An adaptation of Tim Winton’s 1997 acclaimed novella, Blueback unfolds in extended flashbacks as both an intimate mother-daughter drama and an empowering coming-of-age tale.
It is through their bond that headstrong widowed mum Dora (Radha Mitchell) imparts to Abby a love of nature which becomes the younger woman’s calling.
She introduces Abby to diving on her eighth birthday. This is how Abby meets Blueback.
Later, when illegal fishing operators begin encroaching on their serene bay to plunder endangered species, Dora organises community protests, while a teenage Abby (Ilsa Fogg) takes on the local council and poachers. She puts herself in danger to protect Blueback.
You might be inspired to do the same once you behold the crystalline beauty of the reef’s aquatic life in Australian director Robert Connolly’s underwater cinematography. Blueback himself, with his smoochy lips, is no less adorable for being mechanised puppetry. “Take a good close look at what we’re fighting for,” someone urges.

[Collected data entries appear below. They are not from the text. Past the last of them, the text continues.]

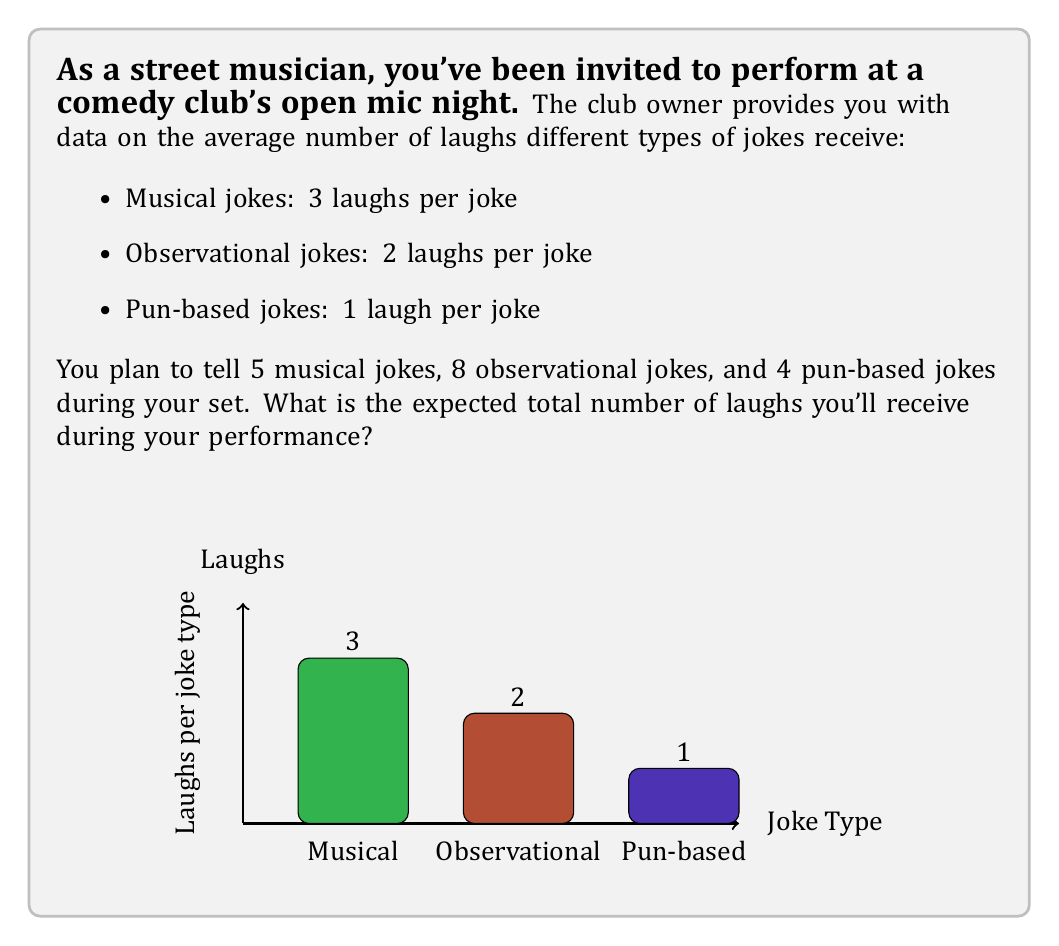Can you answer this question? To solve this problem, we'll use the concept of expected value. The expected value is calculated by multiplying each possible outcome by its probability and then summing these products.

In this case, we know the exact number of jokes for each type and the average number of laughs they receive. So, we can simply multiply these numbers and sum the results:

1. For musical jokes:
   $5 \text{ jokes} \times 3 \text{ laughs per joke} = 15 \text{ laughs}$

2. For observational jokes:
   $8 \text{ jokes} \times 2 \text{ laughs per joke} = 16 \text{ laughs}$

3. For pun-based jokes:
   $4 \text{ jokes} \times 1 \text{ laugh per joke} = 4 \text{ laughs}$

Now, we sum these expected values:

$$ \text{Total expected laughs} = 15 + 16 + 4 = 35 $$

Therefore, the expected total number of laughs during your performance is 35.
Answer: 35 laughs 
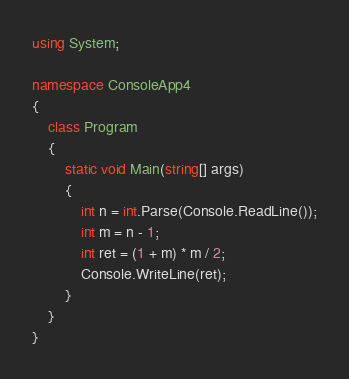Convert code to text. <code><loc_0><loc_0><loc_500><loc_500><_C#_>using System;

namespace ConsoleApp4
{
	class Program
	{
		static void Main(string[] args)
		{
			int n = int.Parse(Console.ReadLine());
			int m = n - 1;
			int ret = (1 + m) * m / 2;
			Console.WriteLine(ret);
		}
	}
}
</code> 
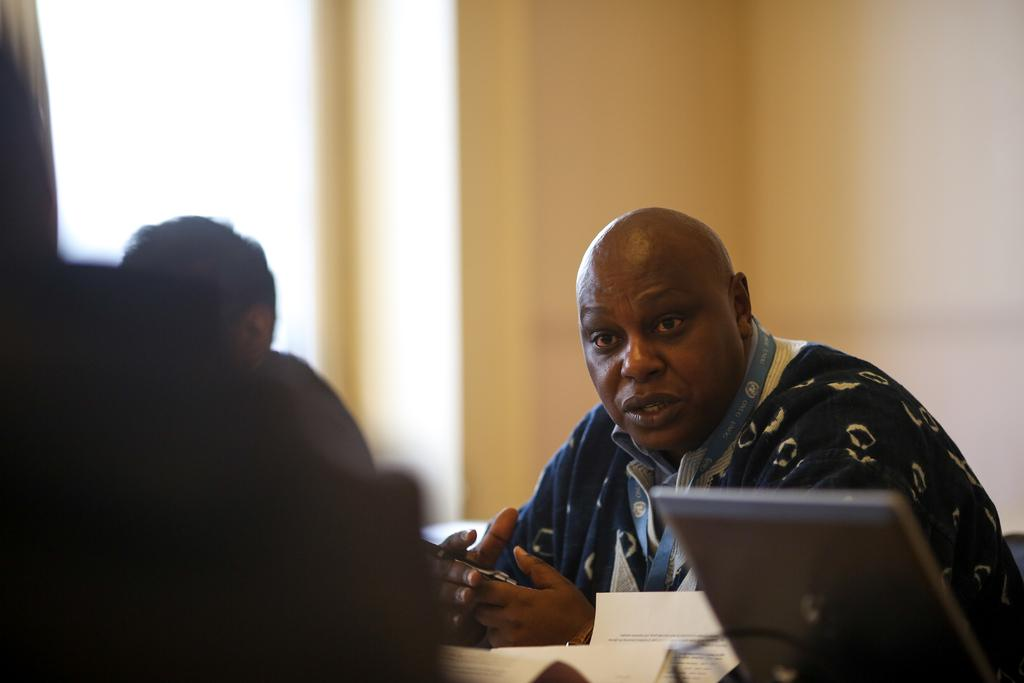How many people are in the image? There are two persons in the image. What objects can be seen in the image besides the people? There are papers and a laptop visible in the image. What can be seen in the background of the image? There is a wall and a window in the background of the image. How is the lighting on the left side of the image? The left side of the image is dark. What type of jelly is being used to hold the laptop in the image? There is no jelly present in the image, and the laptop is not being held by any jelly. What is the experience of the persons in the image? The provided facts do not give any information about the experience or emotions of the persons in the image. --- Facts: 1. There is a car in the image. 2. The car is red. 3. There are trees in the background of the image. 4. The sky is visible in the image. 5. The car has four wheels. Absurd Topics: parrot, hat, ocean Conversation: What is the main subject of the image? The main subject of the image is a car. What color is the car? The car is red. What can be seen in the background of the image? There are trees and the sky visible in the image. How many wheels does the car have? The car has four wheels. Reasoning: Let's think step by step in order to produce the conversation. We start by identifying the main subject of the image, which is the car. Then, we describe the color of the car, which is red. Next, we mention the background of the image, noting the presence of trees and the sky. Finally, we address the car's features, specifically the number of wheels, which is four. Absurd Question/Answer: Can you tell me how many parrots are sitting on the car in the image? There are no parrots present in the image; it only features a red car with four wheels. Is the car wearing a hat in the image? There is no hat present in the image, and the car is not wearing any clothing or accessories. 
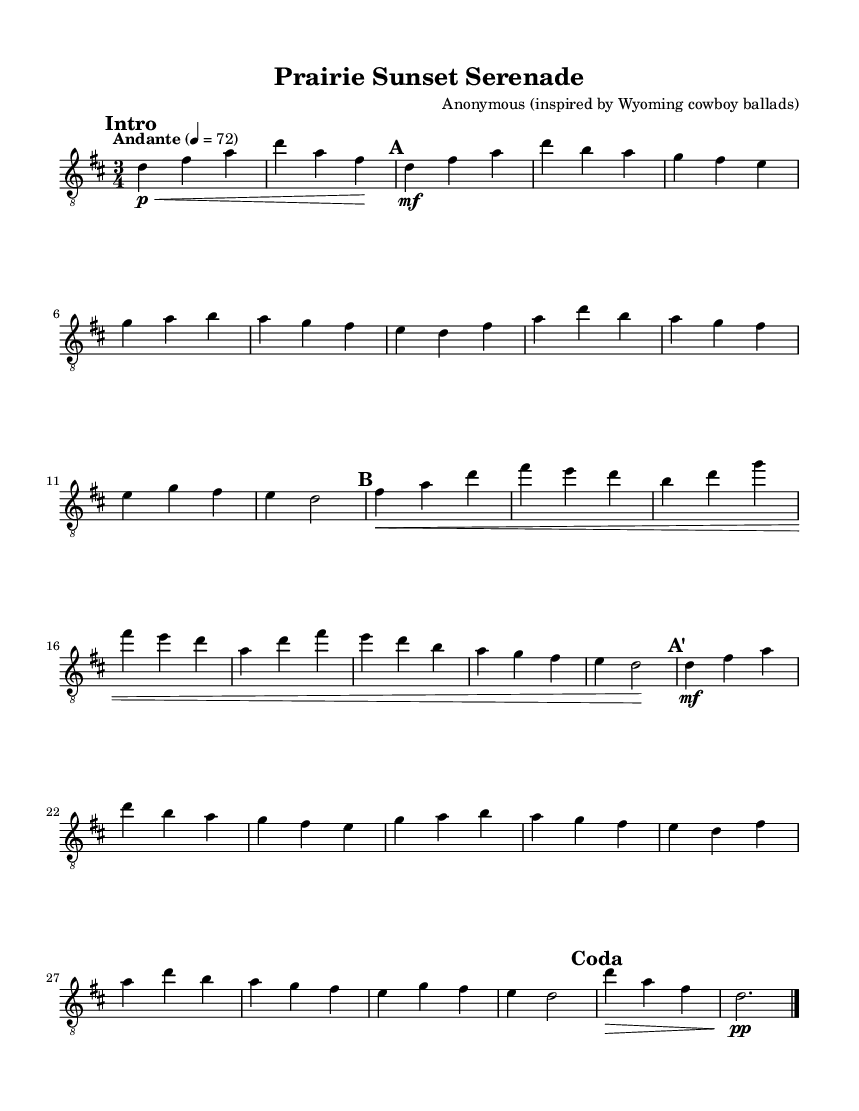What is the key signature of this music? The key signature is D major, which has two sharps (F# and C#). This can be determined by looking at the key signature indicator on the staff at the beginning of the piece.
Answer: D major What is the time signature of this music? The time signature is 3/4, indicated at the beginning of the score. This means there are three beats in each measure, with each beat being a quarter note.
Answer: 3/4 What is the tempo marking in this composition? The tempo marking is "Andante," which indicates a moderate speed. This can be seen written above the staff at the beginning of the score, along with a metronome marking of quarter note equals 72.
Answer: Andante How many sections are in the piece? There are three main sections (A, B, A') plus an intro and a coda. This is noted in the score with marked sections "Intro," "A," "B," "A'," and "Coda."
Answer: Five What does the "mf" marking indicate in the music? The "mf" marking stands for "mezzo-forte," which means moderately loud. This marking can be found within the music, instructing the player to perform those specific measures at a medium loud volume.
Answer: Mezzo-forte What is the final dynamic marking in the composition? The final dynamic marking is "pp," meaning pianissimo, or very soft. This marking appears in the coda section and indicates how softly the music should be played at the end.
Answer: Pianissimo What kind of instrument is indicated in the score? The instrument indicated in the score is "acoustic guitar (nylon)," which is specified in the staff settings. This tells performers which type of instrument to use when interpreting the music.
Answer: Acoustic guitar (nylon) 
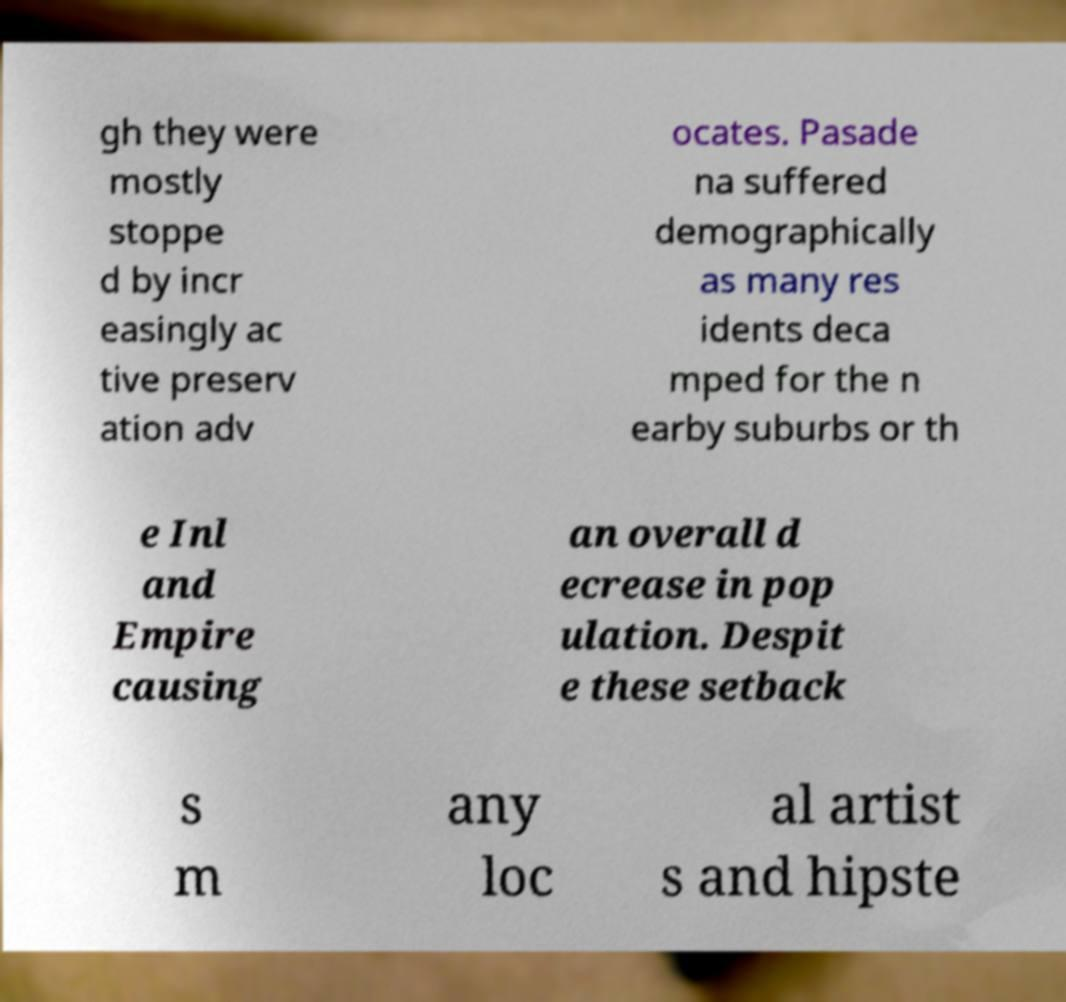For documentation purposes, I need the text within this image transcribed. Could you provide that? gh they were mostly stoppe d by incr easingly ac tive preserv ation adv ocates. Pasade na suffered demographically as many res idents deca mped for the n earby suburbs or th e Inl and Empire causing an overall d ecrease in pop ulation. Despit e these setback s m any loc al artist s and hipste 
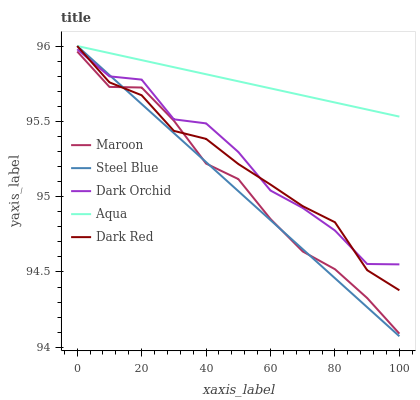Does Steel Blue have the minimum area under the curve?
Answer yes or no. Yes. Does Aqua have the maximum area under the curve?
Answer yes or no. Yes. Does Dark Red have the minimum area under the curve?
Answer yes or no. No. Does Dark Red have the maximum area under the curve?
Answer yes or no. No. Is Aqua the smoothest?
Answer yes or no. Yes. Is Dark Orchid the roughest?
Answer yes or no. Yes. Is Dark Red the smoothest?
Answer yes or no. No. Is Dark Red the roughest?
Answer yes or no. No. Does Steel Blue have the lowest value?
Answer yes or no. Yes. Does Dark Red have the lowest value?
Answer yes or no. No. Does Steel Blue have the highest value?
Answer yes or no. Yes. Does Maroon have the highest value?
Answer yes or no. No. Is Maroon less than Aqua?
Answer yes or no. Yes. Is Dark Orchid greater than Maroon?
Answer yes or no. Yes. Does Dark Red intersect Dark Orchid?
Answer yes or no. Yes. Is Dark Red less than Dark Orchid?
Answer yes or no. No. Is Dark Red greater than Dark Orchid?
Answer yes or no. No. Does Maroon intersect Aqua?
Answer yes or no. No. 
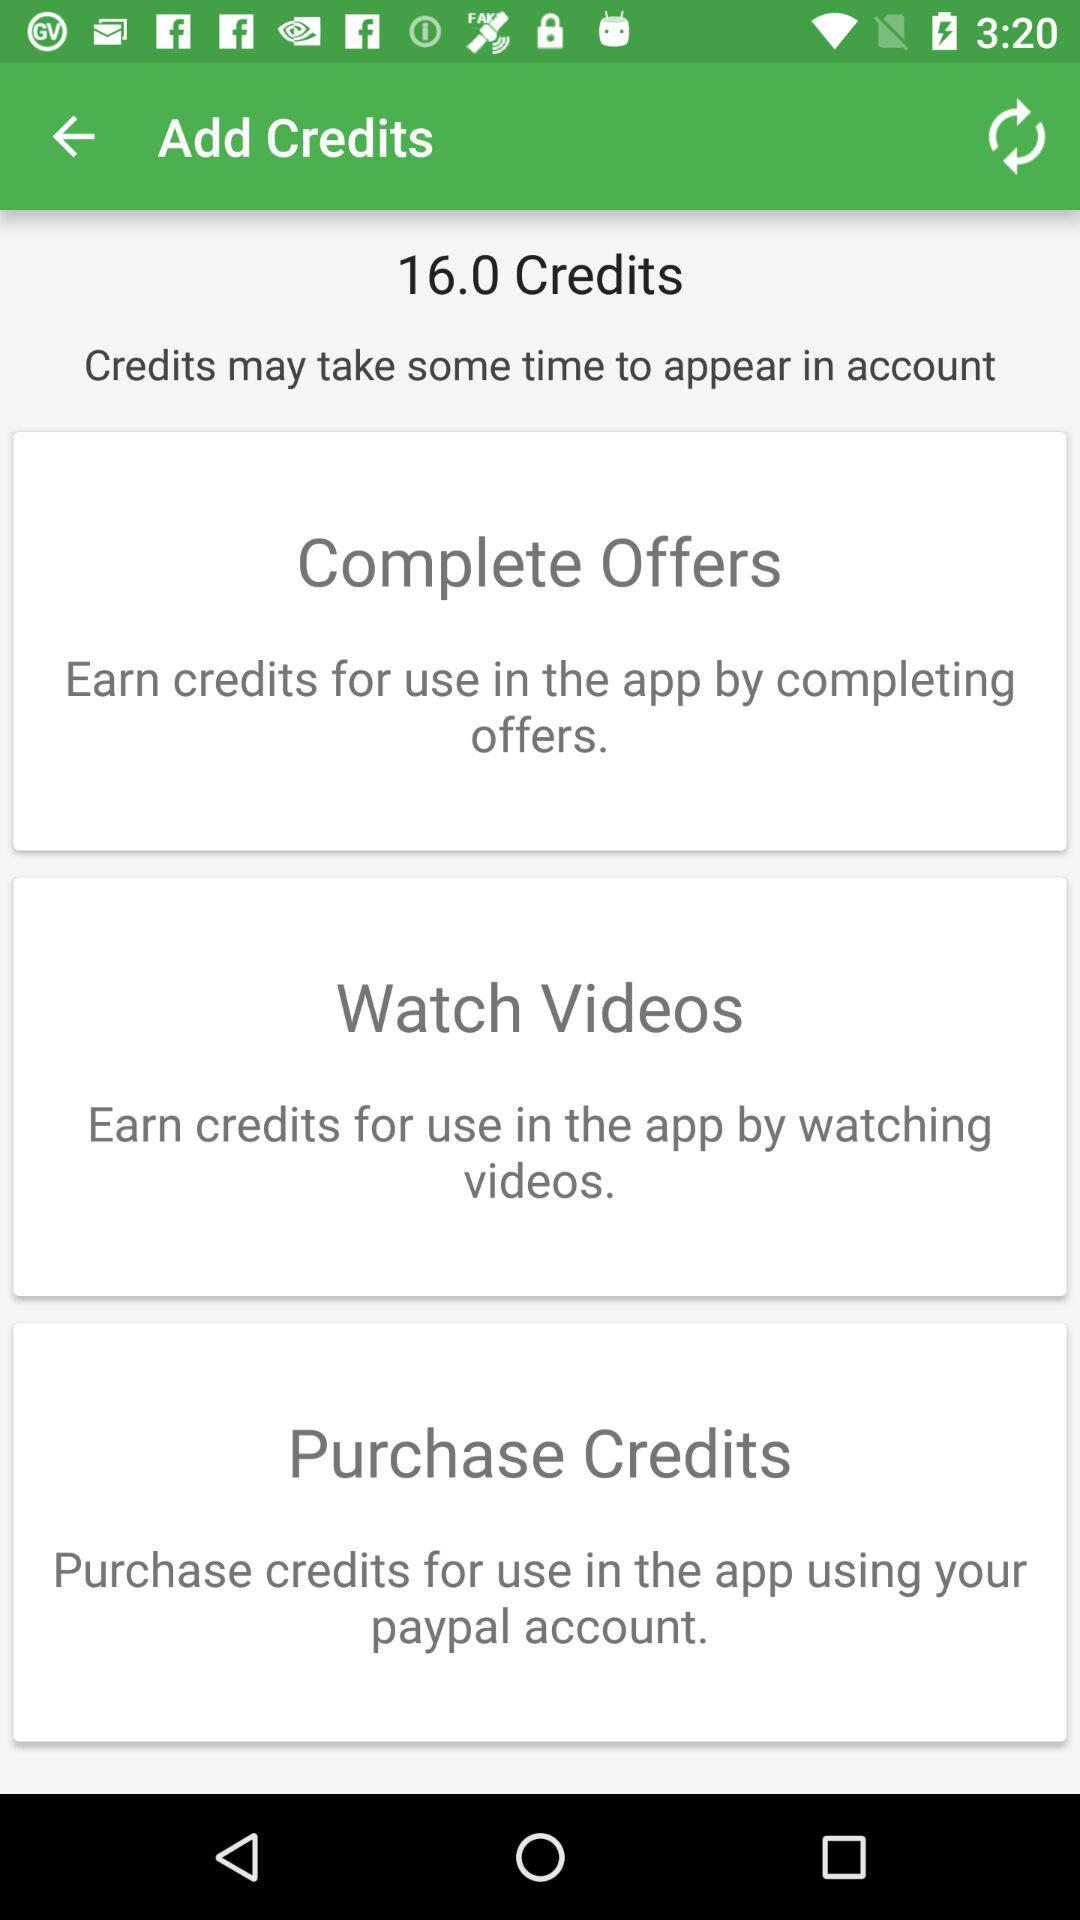How many ways can I earn credits?
Answer the question using a single word or phrase. 3

The script has no time to be subtle. This slight but engaging eco-family film needs to impress upon you that the marine ecosystem is dying from climate change and destructive commerce. It is a universal all-ages call to environmental activism, because the passion of just one girl does make a difference.
Hot take: Parents, you, too, can teach your children to value the natural world by taking them to this meaningful movie.